With these tensions in mind, we were struck by the frequency with which people spoke about rituals throughout the company and the importance they gave to ritual moments. From the diversity of events and their functions, we began to explore the different rituals in the interviews, asking managers to elaborate on the rituals. Based on our findings, we constructed a theoretical framework to describe the process by which tensions become ritualized and how such ritualizations reflect distinct approaches to tensions in liberated companies. More specifically, we identified four broad functions around tensions – subordination, disavowal, segmentation and agonism – that were distributed unevenly across different ritual forms. Specifically, while some rituals worked to promote unity and suppress tension, (subordination, disavowal), others maintained tensions by keeping their terms separate (segmentation), or living with and valorizing the tension itself (agonism).
A future research agenda
In our paper, we covered a wide array of rituals, from rare, important events to everyday rituals of interaction. This broad survey allowed us to delineate broad functions to different kinds of rituals, appropriate for early stage theorizing around a heterogeneous phenomenon. However, ritual studies have excelled specifically in contexts of thick ethnographic description[viii], and to gain a fine-grained understanding of the mediation properties of specific rituals, such thick empirical approaches are recommended in future research.
Based on our paper’s contributions, we invite future research on how rituals function in contemporary workplaces more broadly, and in liberated companies specifically. How different forms of ritual and ritualization practices channel tensions, and with what organizational effects, remains in need of study. More broadly, however, this mediating function may reveal deeper attempts by management to deal with underlying structural tensions inherent in contemporary business practices.
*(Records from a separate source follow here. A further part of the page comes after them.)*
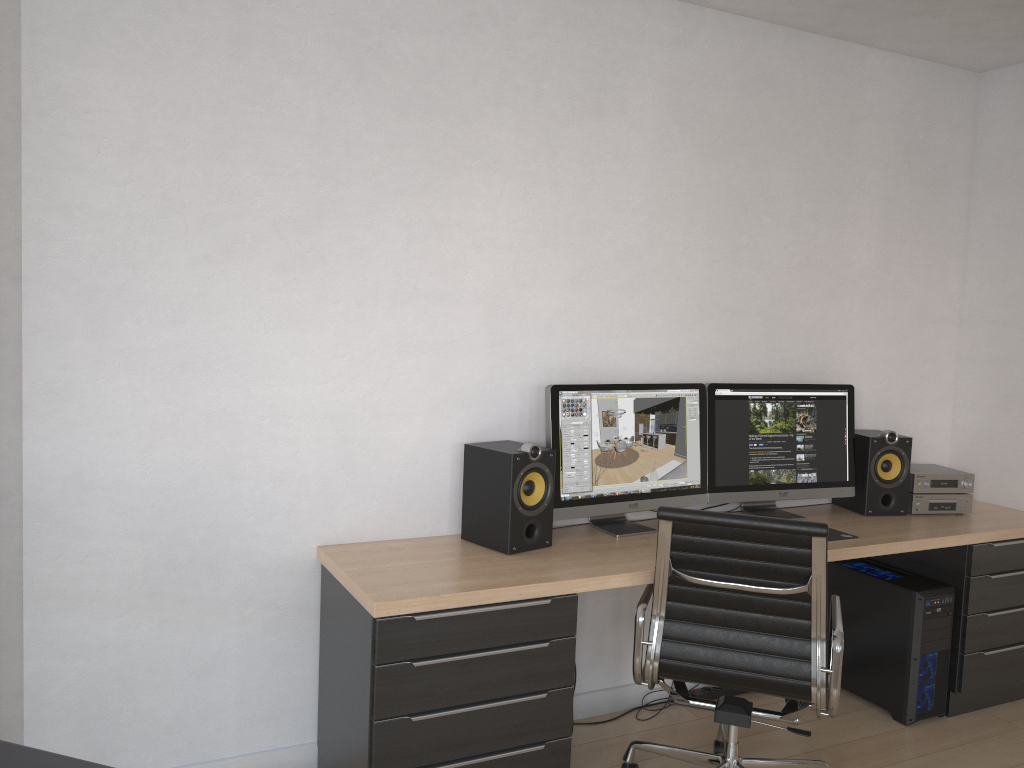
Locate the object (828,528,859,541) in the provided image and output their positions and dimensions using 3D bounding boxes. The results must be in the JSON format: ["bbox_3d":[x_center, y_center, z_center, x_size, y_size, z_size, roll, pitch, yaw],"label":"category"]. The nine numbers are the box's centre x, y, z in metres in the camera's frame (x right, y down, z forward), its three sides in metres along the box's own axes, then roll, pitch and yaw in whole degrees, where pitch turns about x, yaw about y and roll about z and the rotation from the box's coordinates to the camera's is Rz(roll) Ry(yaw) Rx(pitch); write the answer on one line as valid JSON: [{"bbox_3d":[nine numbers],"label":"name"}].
[{"bbox_3d":[1.123,0.555,3.288,0.250,0.002,0.200,0,5,-27],"label":"object"}]

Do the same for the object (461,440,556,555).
[{"bbox_3d":[-0.010,0.359,2.966,0.198,0.354,0.249,-2,6,-42],"label":"object"}]

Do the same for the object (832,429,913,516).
[{"bbox_3d":[1.523,0.358,3.751,0.198,0.354,0.249,1,5,-12],"label":"object"}]

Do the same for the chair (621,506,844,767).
[{"bbox_3d":[0.681,0.833,2.760,0.664,0.991,0.699,4,5,24],"label":"chair"}]

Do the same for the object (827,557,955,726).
[{"bbox_3d":[1.521,1.033,3.620,0.215,0.527,0.474,0,5,-27],"label":"object"}]

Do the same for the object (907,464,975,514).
[{"bbox_3d":[1.778,0.452,3.822,0.285,0.174,0.270,1,5,-12],"label":"object"}]

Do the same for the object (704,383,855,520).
[{"bbox_3d":[1.063,0.264,3.555,0.716,0.535,0.190,0,5,-22],"label":"object"}]

Rituals within new management may be emblematic of the attempts to make organization work in context of ongoing tensions, and the variety of ritual forms may be diagnostic of what kinds of tensions exist and how they are directed towards certain solutions. We believe that theoretical and empirical research in this direction would be highly valuable.
[i] Chiapello, E. and Fairclough, N.L. (2002). ‘Understanding the new management ideology: A transdisciplinary contribution from critical discourse analysis and new sociology of capitalism’. Discourse and Society, 13(2), 185–208.
[ii] Fleming, P. and Sturdy, A. (2011). ‘“Being yourself” in the electronic sweatshop: New forms of normative control’. Human relations, 64(2), 177-200.
[iii] Ekman, S. (2014). ‘Is the high-involvement worker precarious or opportunistic? Hierarchical ambiguities in late capitalism’. Organization, 21, 141–158.
[iv] Endrissat, N., Islam, G. and Noppeney, C. (2015). ‘Enchanting work: New spirits of service work in an organic supermarket’. Organization Studies, 36(11), 1555-1576.
[v] Carney, B.M. and Getz, I. (2015). Freedom, Inc. How Corporate Liberation Unleashes Employee Potential and Business Performance. New York: Somme Valley House.
[vi] Islam, G. and Zyphur, M.J. (2009). ‘Rituals in organizations: A review and expansion of current theory’. Group &
Organization Management, 34(1), 114-139
[vii] This is the company’s pseudonym we used in the article.
[viii] Bell, C. (2009 [1997]). Ritual: Perspectives and dimensions. Oxford: Oxford Univeristy Press.